The AI4I 2020 Predictive Maintenance Dataset is a synthetic dataset that reflects real predictive maintenance data encountered in industry.
Associated Tasks | Classification, Regression, Causal-Discovery |
Data Source | Synthetic |
Dataset Characteristics | Multivariate, Time-Series |
Date Donated | 2020-08-29 |
Feature Type | Real |
Labeled | Yes |
Missing Values | No |
Name | AI4I 2020 Predictive Maintenance Dataset |
Number of Features | 6 |
Number of Instances | 10000 |
Source | UCI Machine Learning Repository |
Time Series | Yes |
Since real predictive maintenance datasets are generally difficult to obtain and in particular difficult to publish, we present and provide a synthetic dataset that reflects real predictive maintenance encountered in industry to the best of our knowledge.
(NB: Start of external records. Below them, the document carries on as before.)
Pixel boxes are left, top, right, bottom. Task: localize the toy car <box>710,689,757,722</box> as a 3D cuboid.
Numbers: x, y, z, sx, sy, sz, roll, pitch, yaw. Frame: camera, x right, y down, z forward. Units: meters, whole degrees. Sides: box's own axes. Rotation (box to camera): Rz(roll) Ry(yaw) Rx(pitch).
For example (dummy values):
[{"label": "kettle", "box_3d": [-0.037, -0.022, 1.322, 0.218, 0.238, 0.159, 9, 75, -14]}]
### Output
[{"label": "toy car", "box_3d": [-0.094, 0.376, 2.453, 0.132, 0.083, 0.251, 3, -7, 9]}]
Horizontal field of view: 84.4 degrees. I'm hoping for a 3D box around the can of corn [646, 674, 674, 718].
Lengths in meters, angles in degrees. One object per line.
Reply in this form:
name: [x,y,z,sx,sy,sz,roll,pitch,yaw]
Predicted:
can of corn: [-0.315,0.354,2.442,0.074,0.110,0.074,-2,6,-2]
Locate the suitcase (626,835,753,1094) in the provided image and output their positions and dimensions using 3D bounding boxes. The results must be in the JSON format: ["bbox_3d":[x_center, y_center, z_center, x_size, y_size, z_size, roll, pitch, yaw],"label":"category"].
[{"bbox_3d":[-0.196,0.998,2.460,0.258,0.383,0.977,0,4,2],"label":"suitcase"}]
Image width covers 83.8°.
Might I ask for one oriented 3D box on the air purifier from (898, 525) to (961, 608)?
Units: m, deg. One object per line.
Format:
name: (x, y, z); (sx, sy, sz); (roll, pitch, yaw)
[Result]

The dataset consists of 10,000 data points stored as rows with 14 features in columns. UID is a unique identifier ranging from 1 to 10000. Product ID consists of letter L, M, or H indicating product quality variants and variant-specific serial number. Air temperature [K] and Process temperature [K] are generated using a random walk process with normalization. Rotational speed [rpm] is calculated with noise, Torque [Nm] values are normally distributed. Tool wear [min] is modified according to product quality variant.
The machine failure label indicates if the machine has failed based on five independent failure modes: tool wear failure (TWF), heat dissipation failure (HDF), power failure (PWF), overstrain failure (OSF), and random failures (RNF). A failure occurs if any one of these modes is true and the machine failure label is set to 1. This makes it non-transparent to machine learning methods which failure mode caused the failure.